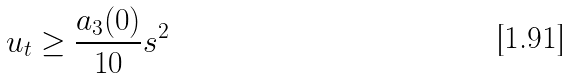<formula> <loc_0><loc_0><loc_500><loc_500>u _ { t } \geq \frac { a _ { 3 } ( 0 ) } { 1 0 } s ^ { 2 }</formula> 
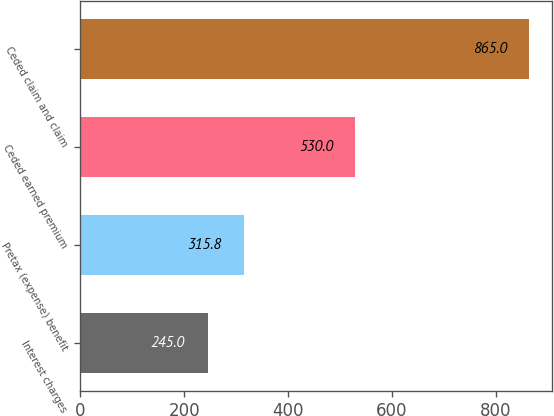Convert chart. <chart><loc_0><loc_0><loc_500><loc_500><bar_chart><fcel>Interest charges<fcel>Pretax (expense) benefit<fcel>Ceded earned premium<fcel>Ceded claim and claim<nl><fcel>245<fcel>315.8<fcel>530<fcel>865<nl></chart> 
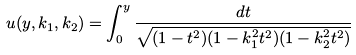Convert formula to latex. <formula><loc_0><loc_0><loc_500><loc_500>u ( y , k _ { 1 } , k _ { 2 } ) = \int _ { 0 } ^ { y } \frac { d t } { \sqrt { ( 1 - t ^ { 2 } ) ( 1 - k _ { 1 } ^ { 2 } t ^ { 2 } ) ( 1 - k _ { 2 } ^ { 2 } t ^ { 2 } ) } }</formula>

...

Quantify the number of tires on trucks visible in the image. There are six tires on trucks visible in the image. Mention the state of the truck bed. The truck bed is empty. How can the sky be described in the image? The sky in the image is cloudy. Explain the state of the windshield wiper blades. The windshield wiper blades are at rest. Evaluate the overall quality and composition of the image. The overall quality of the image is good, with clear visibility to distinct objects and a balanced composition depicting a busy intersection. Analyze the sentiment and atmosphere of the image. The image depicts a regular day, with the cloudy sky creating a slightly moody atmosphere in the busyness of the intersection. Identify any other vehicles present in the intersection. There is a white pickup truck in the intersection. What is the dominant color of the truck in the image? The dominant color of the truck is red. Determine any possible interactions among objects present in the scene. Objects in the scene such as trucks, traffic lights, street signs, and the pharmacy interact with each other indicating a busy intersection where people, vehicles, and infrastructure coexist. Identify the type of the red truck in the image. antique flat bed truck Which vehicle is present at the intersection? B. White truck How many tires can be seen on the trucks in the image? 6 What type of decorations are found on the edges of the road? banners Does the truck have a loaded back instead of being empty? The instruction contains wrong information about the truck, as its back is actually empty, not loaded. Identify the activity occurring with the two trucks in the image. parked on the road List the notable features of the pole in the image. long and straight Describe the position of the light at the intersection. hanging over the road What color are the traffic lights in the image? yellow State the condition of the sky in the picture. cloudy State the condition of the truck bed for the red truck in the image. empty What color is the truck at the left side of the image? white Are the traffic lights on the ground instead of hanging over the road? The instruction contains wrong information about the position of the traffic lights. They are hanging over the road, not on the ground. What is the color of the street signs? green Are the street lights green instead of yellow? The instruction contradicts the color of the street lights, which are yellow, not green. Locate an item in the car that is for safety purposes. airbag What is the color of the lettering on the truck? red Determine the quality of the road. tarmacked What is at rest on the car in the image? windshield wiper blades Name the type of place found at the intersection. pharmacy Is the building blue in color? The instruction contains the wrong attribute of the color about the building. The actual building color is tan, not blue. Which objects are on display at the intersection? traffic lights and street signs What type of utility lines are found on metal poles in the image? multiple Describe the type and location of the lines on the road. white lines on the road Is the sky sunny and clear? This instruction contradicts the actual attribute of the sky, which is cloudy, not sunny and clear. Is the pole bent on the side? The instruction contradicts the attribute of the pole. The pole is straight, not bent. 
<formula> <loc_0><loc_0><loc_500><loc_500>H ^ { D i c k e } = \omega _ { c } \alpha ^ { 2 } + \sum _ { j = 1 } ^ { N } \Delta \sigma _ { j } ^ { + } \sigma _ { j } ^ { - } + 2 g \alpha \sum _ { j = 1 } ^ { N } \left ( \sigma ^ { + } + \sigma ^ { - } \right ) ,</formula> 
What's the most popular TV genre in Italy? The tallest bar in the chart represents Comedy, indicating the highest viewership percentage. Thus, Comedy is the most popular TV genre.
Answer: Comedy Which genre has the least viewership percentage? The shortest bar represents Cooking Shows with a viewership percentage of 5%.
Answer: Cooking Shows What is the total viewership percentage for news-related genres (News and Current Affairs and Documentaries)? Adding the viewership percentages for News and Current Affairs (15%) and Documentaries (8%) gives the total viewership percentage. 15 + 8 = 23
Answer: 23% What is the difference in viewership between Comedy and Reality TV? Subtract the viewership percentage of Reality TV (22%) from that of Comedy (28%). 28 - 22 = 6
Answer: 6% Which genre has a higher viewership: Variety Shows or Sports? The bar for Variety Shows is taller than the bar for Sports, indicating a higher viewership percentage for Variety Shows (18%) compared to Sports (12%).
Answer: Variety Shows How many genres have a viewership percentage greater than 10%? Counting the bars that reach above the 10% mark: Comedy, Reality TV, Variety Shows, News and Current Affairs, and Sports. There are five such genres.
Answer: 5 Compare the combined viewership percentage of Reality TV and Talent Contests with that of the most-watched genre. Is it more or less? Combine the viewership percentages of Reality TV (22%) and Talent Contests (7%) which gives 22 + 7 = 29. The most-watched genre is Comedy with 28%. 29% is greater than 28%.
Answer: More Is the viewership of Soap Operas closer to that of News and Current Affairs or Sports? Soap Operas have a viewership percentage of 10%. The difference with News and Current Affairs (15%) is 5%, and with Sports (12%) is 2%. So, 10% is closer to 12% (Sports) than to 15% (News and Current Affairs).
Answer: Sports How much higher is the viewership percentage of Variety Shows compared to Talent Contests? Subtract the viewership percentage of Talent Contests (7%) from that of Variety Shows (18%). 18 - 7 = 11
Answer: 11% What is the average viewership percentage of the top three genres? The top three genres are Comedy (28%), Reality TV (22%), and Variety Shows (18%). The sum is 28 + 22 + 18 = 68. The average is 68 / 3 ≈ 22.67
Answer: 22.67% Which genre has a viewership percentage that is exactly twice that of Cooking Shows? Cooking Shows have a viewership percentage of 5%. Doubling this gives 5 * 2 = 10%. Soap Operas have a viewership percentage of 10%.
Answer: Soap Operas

* * *

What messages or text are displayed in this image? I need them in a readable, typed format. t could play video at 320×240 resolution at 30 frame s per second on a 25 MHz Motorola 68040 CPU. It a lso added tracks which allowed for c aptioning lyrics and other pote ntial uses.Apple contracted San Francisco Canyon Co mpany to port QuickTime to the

INSTRUCTIONS TO FOLLOW: From the records above, copy each line where the word "Comedy" can be found.

REPLY:
What's the most popular TV genre in Italy? The tallest bar in the chart represents Comedy, indicating the highest viewership percentage. Thus, Comedy is the most popular TV genre.
Answer: Comedy Which genre has the least viewership percentage? The shortest bar represents Cooking Shows with a viewership percentage of 5%.
Answer: 23% What is the difference in viewership between Comedy and Reality TV? Subtract the viewership percentage of Reality TV (22%) from that of Comedy (28%). 28 - 22 = 6
Answer: Variety Shows How many genres have a viewership percentage greater than 10%? Counting the bars that reach above the 10% mark: Comedy, Reality TV, Variety Shows, News and Current Affairs, and Sports. There are five such genres.
Answer: 5 Compare the combined viewership percentage of Reality TV and Talent Contests with that of the most-watched genre. Is it more or less? Combine the viewership percentages of Reality TV (22%) and Talent Contests (7%) which gives 22 + 7 = 29. The most-watched genre is Comedy with 28%. 29% is greater than 28%.
Answer: 11% What is the average viewership percentage of the top three genres? The top three genres are Comedy (28%), Reality TV (22%), and Variety Shows (18%). The sum is 28 + 22 + 18 = 68. The average is 68 / 3 ≈ 22.67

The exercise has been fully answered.